My next example is more encouraging. On Rarotonga in the Cook Islands, farmers are credited with saving the Kakerori, (Rarotonga Flycatcher) from extinction.  When the last of the Kakerori were discovered on their ancestral farms, three Rarotongan farm owner families felt they would have to give up their farms to the conservationists. But to the government’s credit, the government began to seek active landowner participation from the families.

“The landowners were suspicious at first,” said Anna Tiraa, the first support officer for the conservation area. “Government doesn’t have a great track record in terms of the way it’s communicated with landowners here.”

“Their first reaction was, well, if it’s a nature preserve, if it’s a conservation area, that means we can’t use it any more.”

In 1996, after a year of meetings and discussions, the farm families took over the project management and formed the conservation area committee. It was the first time the government had ever turned a project over to the farmers. Each of the three farm families chose two representatives to serve on a conservation area board of directors.

“We questioned it at the beginning. Why should we care about this little bird?” said Philomena Williams, current chair of the conservation area committee overseeing Takitumu. “Then we realized we could still farm our lands and save the bird too.”

The following is an example of how a farm family enhanced the environment on and around the farm. The Beaver Meadows farm on Vancouver Island is operated by the third generation Smith brothers. The Smiths have enhanced biodiversity and the environment on their farm by building streams, planting trees, and maintaining wildlife habitats. One major project is revitalizing the stream that runs through their farm, which, according to Edgar Smith, “was virtually a dying river when we started to enhance it 15 years ago.”

It now produces in excess of 300,000 salmon each year, due in large part to the fish hatchery the brothers operate on their property.  (see their website

The brothers have also taken responsibility for the enhancement of the entire stream, not just the portion on their farmland.
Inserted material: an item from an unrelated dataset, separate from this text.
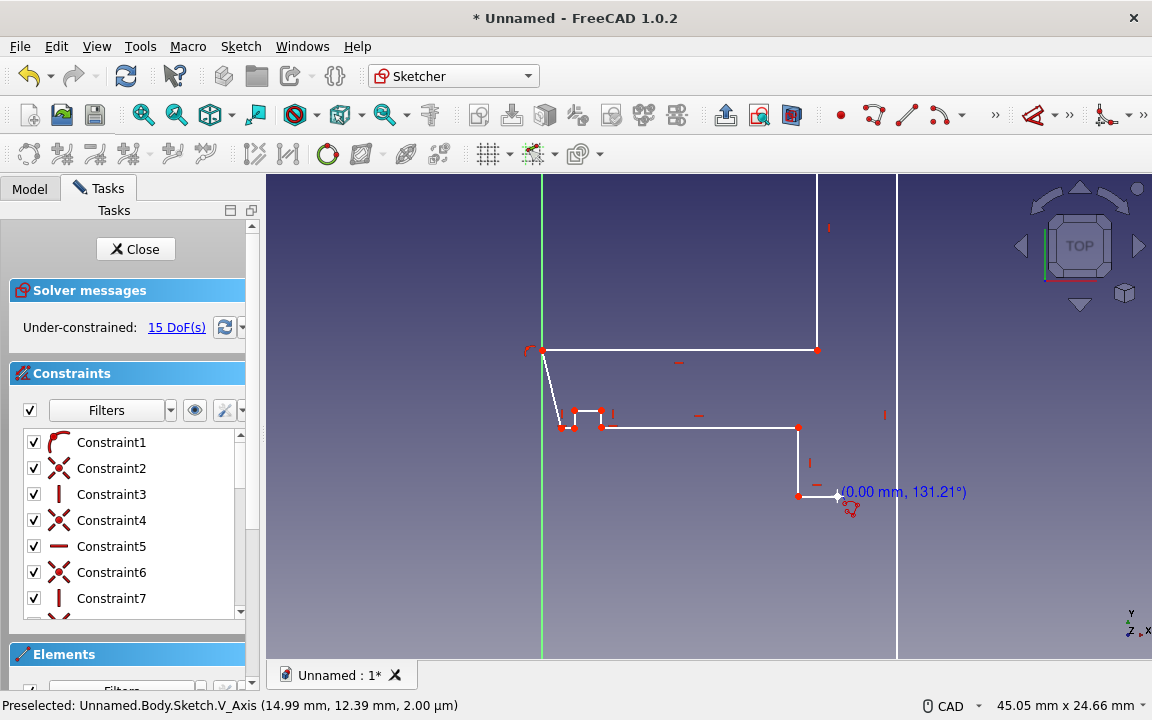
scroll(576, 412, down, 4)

Edgar believes that giving the farmer these types of responsibilities makes sense.

“We have lived here every day, day in and day out, for generations,” he explains. “We know every inch of our forest, stream, ditches, the nests of the birds, where the eagles perch, and we know how to enhance and protect these resources.”

I have visited all three farms mentioned above and talked to the farmers and I always believed that they had a better sense of how to protect the environment and that of the areas around them than any academic.
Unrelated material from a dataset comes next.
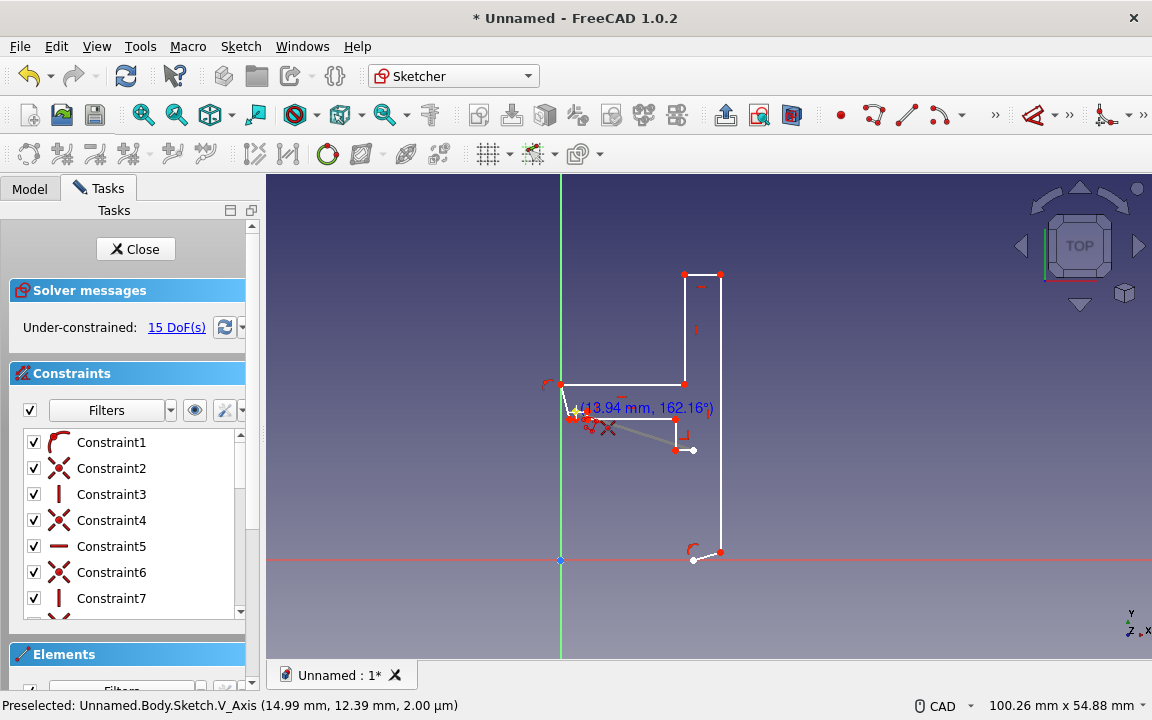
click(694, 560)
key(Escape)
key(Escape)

When Al Gore told the Future Farmers of America several years ago at a meeting in Colorado that they should not plan to become farmers as we would be getting our food from third world countries, he was right on track.  (So much for the “100 mile diet”)
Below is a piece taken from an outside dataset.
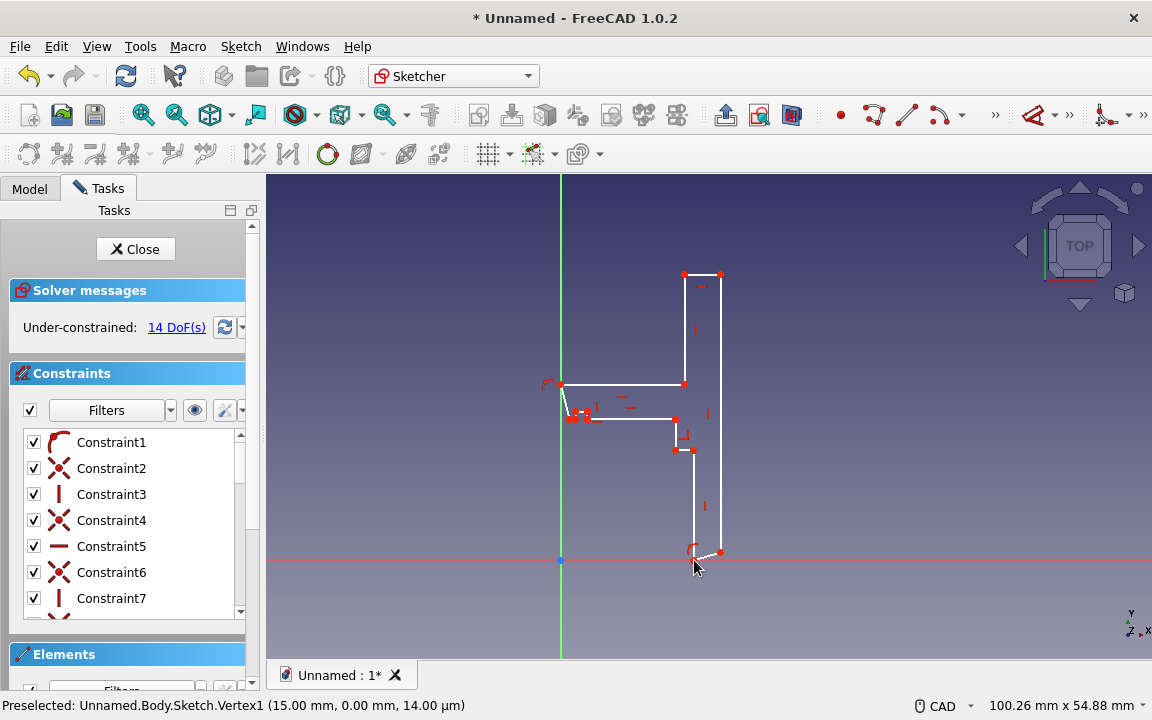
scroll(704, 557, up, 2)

After the Klamath Oregon farmers and ranchers had to deal with dead cattle, horses, all kinds of wildlife and thousands of burned up crops when irrigation water was shut off without warning to 1,400 farms on April 6, 2001, to protect a Sucker Fish, they said they may never recover from this emotional and financial loss. They coined the phrase, “When the last salmon is gone, there will be no more salmon, but when the last farmer is gone, there will be no more food,”

Environmentalists, conservationists, academics must temper their harsh and most times unjustified and poorly informed attacks on farmers. They need to make more sincere attempts to understand the farmers’ concerns and situations.  I hope that the examples I have given will demonstrate that cooperation and understanding between all parties will serve the environment better than attacks, accusations, derision and threats by those academics who have strong biases that prejudice their commentaries against farmers.